Since 2014, The National Archives (UK) have been digitizing analog, hand-written War Diaries from the First World War (WWI), documenting the story of the British Army and its units on the Western Front. Using the crowdsourcing platform Operation War Diary (OWD), 'citizen historians' tag 1.5 million scanned and archived pages. They classified and annotated essential information on each diary page, generating extensive time-series data about military units, including labels for casualties, unit strength, weather, everyday army life, military activities, soldier names and ranks, location names and dates.
As part of a project between City, University of London and The National Archives that aims to communicate the 'life behind the trenches', we worked on the visual representation of the spatio-temporal data derived from the War Diaries. The digitizing and tagging process introduces uncertainty on many levels due to missing records, misspellings (in original diaries and while digitizing), unreadable parts, lost diaries, the reliability of workers, and also through post-processing of the gathered data. As a result, misspellings and ambiguities during geo-referencing of mentioned place names can result in noisy and cluttered map displays when using common visualizations of movement such as line symbols. Furthermore, locations at which the unit did not reside at the time are also mentioned in the diaries but not identifiable as such (e.g., When a soldier was reported to go on furlough to his hometown only the place name but not the context was digitally collected). Additionally, the data typically do not capture the exact temporal order of locations on a single day.

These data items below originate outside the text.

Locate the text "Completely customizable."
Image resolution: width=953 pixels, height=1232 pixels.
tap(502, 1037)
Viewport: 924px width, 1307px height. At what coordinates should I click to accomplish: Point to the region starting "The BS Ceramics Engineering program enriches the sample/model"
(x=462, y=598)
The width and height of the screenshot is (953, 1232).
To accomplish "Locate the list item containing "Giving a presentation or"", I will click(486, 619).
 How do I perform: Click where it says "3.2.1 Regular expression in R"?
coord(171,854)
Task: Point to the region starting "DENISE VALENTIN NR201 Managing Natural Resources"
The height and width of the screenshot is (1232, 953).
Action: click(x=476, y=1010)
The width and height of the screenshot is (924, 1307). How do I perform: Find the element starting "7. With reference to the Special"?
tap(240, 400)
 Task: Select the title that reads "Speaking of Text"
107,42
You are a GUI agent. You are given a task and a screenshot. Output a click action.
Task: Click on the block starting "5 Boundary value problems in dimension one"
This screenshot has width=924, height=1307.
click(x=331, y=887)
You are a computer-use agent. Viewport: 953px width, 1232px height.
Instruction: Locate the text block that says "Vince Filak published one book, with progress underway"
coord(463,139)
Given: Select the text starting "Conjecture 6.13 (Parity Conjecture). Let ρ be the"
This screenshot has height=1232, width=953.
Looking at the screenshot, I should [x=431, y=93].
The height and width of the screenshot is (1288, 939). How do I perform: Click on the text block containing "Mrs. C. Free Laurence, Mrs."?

Instead of giving the illusion that the data is complete and clean, our approach is to leverage this uncertainty to produce a more 'organic' view of a unit’s movement over time.
To design visual representations of military units that incorporate and acknowledge uncertainty or noise in the data, we started explored possible geometries to visualize a unit's movement during the war. Instead of showing an entity at a given point in time, GeoBlobs convey an unordered estimation of the possible locations over a temporal window using enclosed shapes. Many different parameters can influence the design of GeoBlobs. We explored the following design variations in the context of the OWD data.
Temporal Window: a start and end date define a window for temporal aggregation of the included locations. Sliding the window on the temporal axis animates the GeoBlob over time.
Spatial Window: we apply a distance heuristics to weight each location within the temporal window and adjust the set of locations that form the GeoBlob. This helps to filter outliers (e.g., unlikely locations that have an incorrect geo-location)
Shape: we distinguish convex-hull-like, skeleton like, and graph-like shapes. While skeleton-like geometries connect locations along the shortest distance, graph-like GeoBlobs consider the temporal order of locations. Buffers for nodes and edges can influence the appearance of a GeoBlob; we distinguish between wide, narrow and mixed buffers.
Stroke and Fill: different visual variables, including color, transparency, focus (blur effect), pattern, or gradient fill can be used to vary the visual style of a GeoBlob's stroke or fill. Especially using a blurry or sketchy style can help to visually convey the uncertainty of the data.
Motion: when animating a GeoBlob, its motion encodes the overall direction of the displayed army unit. Here the temporal and spatial window might introduce a certain generalization level (e.g. back and forth movements within a larger temporal window are not obvious), which on the other hand reflects the uncertainty in the data. We also investigate how motion can be applied to convey additional information like a shaking GeoBlob on fighting days.
Contextualization: besides motion, outline and fill overlays can provide context. For example by visually integrating unit activities like fighting, re-supplying the front, and resting behind the lines or events like famous battles.
Multiple Shapes: mapping multiple entities (i.e., army units) concurrently allows to compare their individual movements (e.g., two units were located at the same front, but split after a battle). Generating multiple layers for a single GeoBlob taking the different location probabilities into account and using transparency allows to convey the uncertainty of the locations."
Experts have collected historical information in analog forms throughout history. Today, modern technology, such as applications, devices or sensors, change the ways of collecting massive amounts of historical data entirely. Modern techniques now allow us to transform such analog information into digital data, making more and more data available in the Digital Humanities. In the case of OWD data, the digitized and qualified hand-written diaries (OWD data) provide an interface to otherwise buried information. This data is an unprecedented source of information that makes it possible to look at WWI through the lens of well-structured and rather exhaustive war diaries, thus provide new historical perspectives we can perhaps better relate to on a personal level. History, or past events in general, influences our cultural identity in manifold ways.
Both World Wars greatly influenced how we live together in Europe, shaping our collective as well as our personal identities. This piece is not intended to communicate battles, victories or defeats of WWI only. Instead, it aims at communicating a sense of the day-to-day life in the war zone. Communicating the OWD data as a whole, including fighting and non-fighting activities, we aim at bringing to light aspects of war that can contribute to the better understanding of Europe's collective past. In the light of the current political climate, we think that it is important to highlight our collective memory, rather than a silo national mentality, that may help young generations to understand current developments.